Thursday, October 27, 12:00 PM - 1:00 PM, Cholla C
SSHP Speaker, Dr. O'Conner, Arizona Poison Control Center


Pharmacy Acronyms Used Above: 

SSHP = Student Society of Healthsystems Pharmacists

SNM = Society of Nuclear Medicine

AzPA = Arizona Pharmacy Alliance (the state pharmacy association)

APhA-ASP = American Pharmacy Association - Academy of Student Pharmacists

AMCP = Academy of Managed Care Pharmacy

NCPA = National Community Pharmacy Association

CPFI = Christian Pharmacist Fellowship International

KY = Kappa Psi National Pharmacy Fraternity

PDX = Phi Delta Chi National Pharmacy Fraternity

Facts About Pharmacists and Pharmacies

  • In the last quarter century, pharmacy has expanded its role within the healthcare delivery system from a profession focusing on preparation and dispensing of medications to patients to one in which pharmacists provide a range of patient-oriented services to maximize the medicine's effectiveness.
  • Pharmacy is practiced in a wide range of settings: community pharmacies, hospitals, long term care facilities, the phar­maceutical industry, mail service, managed care, academia and government (Department of Defense, Department of Veterans Affairs, Indian Health Service, Public Health Service). Pharmacists practice in community pharmacy (chains and independents), in hospitals, and in consulting, government, academic, industry, and other settings.
  • Historically, educational requirements for pharmacists included the choice of two entry-level degrees: a five-year Bachelor of Science in pharmacy (BS Pharmacy) or a six-year Doctor of Pharmacy (Pharm.D.). Today, schools of pharmacy offer only the Pharm.D. degree. At Midwestern University College of Pharmacy - Glendale, we offer the Pharm.D. in an accelerated program of study. This reduces the time of professional study from four years to three years. This extensive training makes the pharmacist the most knowledgeable health care pro­fessional when it comes to medicines and their use.
  • Medicines today have great power to heal and to improve the quality of life for millions of Americans.

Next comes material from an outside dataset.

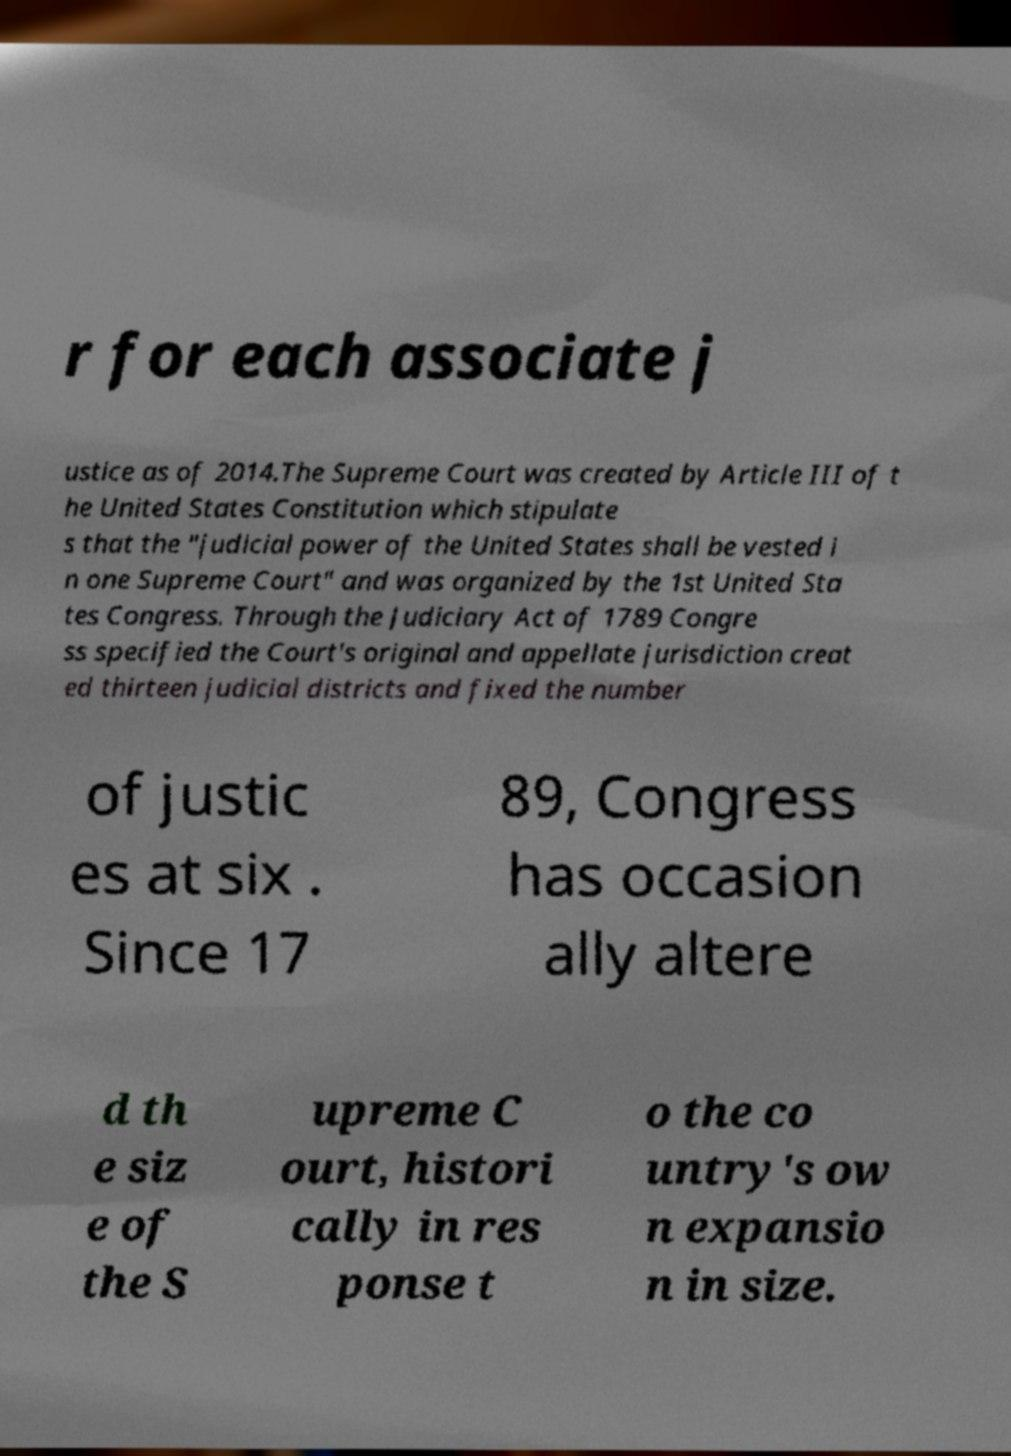Can you read and provide the text displayed in the image?This photo seems to have some interesting text. Can you extract and type it out for me? r for each associate j ustice as of 2014.The Supreme Court was created by Article III of t he United States Constitution which stipulate s that the "judicial power of the United States shall be vested i n one Supreme Court" and was organized by the 1st United Sta tes Congress. Through the Judiciary Act of 1789 Congre ss specified the Court's original and appellate jurisdiction creat ed thirteen judicial districts and fixed the number of justic es at six . Since 17 89, Congress has occasion ally altere d th e siz e of the S upreme C ourt, histori cally in res ponse t o the co untry's ow n expansio n in size.

But medicines also may do serious harm if not taken correctly. The most expensive medication is the medication that doesn't work. This is where the role of the pharmacist is most important. To make the most of your medications, you should choose your pharmacist as carefully as you choose a physician. It is best to use only one pharmacy so all medication records are at one location. This way there will be less risk of duplicating medicine or having one prescription interact harmfully with another.
  • Pharmacists who know their patients and have their medication profiles on file will be aware of possible harmful drug interactions or allergies to certain drugs. The pharmacist also will be able to discuss possible side effects; what foods, drinks, or activities that should be avoided while on a medication; what to do if you miss a dose; and a wide range of other helpful information.
  • The pharmacist is a key healthcare professional in helping people achieve the best results from their medications. Americans should choose a pharmacist they trust and build a partnership for good health.